◆ Action item: Whenever a line in the records below contains "AUTHORIZATION", pick it out.

◆ Exercise data:
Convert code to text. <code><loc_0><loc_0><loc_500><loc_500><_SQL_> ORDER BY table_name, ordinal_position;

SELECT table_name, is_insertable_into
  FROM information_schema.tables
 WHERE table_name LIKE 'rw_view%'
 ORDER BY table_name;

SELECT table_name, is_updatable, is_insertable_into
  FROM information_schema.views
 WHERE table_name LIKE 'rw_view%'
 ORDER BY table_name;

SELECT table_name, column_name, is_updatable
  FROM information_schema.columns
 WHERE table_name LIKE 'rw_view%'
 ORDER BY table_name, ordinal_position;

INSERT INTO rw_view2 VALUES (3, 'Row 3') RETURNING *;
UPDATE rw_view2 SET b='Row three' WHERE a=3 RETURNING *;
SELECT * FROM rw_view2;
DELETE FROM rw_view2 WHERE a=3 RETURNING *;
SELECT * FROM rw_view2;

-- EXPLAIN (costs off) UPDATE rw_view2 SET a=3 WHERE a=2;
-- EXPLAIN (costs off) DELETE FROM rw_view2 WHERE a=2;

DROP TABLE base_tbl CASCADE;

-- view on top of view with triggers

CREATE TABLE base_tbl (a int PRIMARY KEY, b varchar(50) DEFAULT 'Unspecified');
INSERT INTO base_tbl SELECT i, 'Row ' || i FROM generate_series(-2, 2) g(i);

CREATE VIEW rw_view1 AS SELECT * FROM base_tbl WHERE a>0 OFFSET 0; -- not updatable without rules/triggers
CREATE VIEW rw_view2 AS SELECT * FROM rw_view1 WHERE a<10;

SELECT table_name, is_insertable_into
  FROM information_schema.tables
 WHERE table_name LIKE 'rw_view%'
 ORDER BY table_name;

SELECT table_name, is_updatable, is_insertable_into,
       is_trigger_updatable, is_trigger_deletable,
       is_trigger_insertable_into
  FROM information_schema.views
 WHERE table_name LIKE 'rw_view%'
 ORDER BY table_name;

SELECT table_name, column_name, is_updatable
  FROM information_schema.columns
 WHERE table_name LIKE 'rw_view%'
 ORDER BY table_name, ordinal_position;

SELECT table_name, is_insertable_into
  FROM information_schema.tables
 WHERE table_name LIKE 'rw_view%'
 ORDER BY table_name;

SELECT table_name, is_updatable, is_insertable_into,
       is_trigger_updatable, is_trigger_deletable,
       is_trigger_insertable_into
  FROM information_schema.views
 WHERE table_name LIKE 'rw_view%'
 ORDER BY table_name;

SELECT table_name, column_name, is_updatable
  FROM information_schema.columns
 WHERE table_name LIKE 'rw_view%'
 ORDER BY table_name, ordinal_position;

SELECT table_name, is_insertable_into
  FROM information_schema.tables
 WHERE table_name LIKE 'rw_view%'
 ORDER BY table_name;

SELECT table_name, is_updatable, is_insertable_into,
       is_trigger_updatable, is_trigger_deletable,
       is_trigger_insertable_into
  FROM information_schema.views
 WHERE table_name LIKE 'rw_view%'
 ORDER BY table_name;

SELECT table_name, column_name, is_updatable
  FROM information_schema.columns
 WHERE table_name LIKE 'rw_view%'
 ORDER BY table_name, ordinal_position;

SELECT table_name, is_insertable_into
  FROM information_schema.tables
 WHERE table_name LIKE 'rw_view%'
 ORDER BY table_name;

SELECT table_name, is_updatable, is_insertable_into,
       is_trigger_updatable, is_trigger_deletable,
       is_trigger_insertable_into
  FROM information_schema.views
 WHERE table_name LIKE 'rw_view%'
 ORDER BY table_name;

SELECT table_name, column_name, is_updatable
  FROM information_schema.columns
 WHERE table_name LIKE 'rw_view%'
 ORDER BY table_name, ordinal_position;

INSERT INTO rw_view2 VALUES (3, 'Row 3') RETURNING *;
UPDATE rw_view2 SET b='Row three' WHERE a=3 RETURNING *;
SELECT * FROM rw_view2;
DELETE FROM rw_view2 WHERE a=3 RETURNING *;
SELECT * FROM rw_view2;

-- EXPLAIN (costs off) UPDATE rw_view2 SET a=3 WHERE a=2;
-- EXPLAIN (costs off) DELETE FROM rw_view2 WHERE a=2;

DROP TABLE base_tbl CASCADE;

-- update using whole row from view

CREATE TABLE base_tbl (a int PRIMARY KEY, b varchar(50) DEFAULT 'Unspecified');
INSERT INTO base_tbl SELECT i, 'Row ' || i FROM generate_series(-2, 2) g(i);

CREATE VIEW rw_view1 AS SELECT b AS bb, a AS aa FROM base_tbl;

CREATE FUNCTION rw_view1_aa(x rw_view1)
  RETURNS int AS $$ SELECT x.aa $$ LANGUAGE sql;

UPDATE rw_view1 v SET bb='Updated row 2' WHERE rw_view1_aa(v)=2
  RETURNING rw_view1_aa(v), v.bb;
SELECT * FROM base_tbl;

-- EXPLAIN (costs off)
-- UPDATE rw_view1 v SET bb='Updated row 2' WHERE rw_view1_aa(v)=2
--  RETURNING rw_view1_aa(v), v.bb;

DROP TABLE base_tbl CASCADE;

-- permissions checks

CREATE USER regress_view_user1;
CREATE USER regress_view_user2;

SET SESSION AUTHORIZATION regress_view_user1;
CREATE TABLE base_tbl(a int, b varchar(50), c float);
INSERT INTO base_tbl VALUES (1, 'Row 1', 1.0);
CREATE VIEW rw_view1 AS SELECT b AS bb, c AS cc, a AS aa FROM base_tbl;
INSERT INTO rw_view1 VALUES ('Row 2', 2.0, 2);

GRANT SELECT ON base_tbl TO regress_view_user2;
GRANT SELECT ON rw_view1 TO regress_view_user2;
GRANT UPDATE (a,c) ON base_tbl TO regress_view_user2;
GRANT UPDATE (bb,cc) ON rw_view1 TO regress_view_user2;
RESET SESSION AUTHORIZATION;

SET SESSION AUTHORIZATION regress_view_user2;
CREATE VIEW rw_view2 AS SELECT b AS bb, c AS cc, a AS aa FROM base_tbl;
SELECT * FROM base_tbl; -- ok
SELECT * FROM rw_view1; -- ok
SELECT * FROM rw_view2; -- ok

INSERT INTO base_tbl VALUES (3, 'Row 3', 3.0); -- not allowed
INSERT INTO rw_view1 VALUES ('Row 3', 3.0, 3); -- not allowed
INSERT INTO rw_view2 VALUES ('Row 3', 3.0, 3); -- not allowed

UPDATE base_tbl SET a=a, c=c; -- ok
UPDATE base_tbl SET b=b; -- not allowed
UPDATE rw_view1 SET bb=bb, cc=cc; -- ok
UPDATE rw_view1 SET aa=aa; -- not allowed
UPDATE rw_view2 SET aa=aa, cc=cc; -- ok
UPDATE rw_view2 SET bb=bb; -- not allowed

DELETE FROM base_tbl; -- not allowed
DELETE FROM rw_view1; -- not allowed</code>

◆ Answer below:
SET SESSION AUTHORIZATION regress_view_user1;
RESET SESSION AUTHORIZATION;
SET SESSION AUTHORIZATION regress_view_user2;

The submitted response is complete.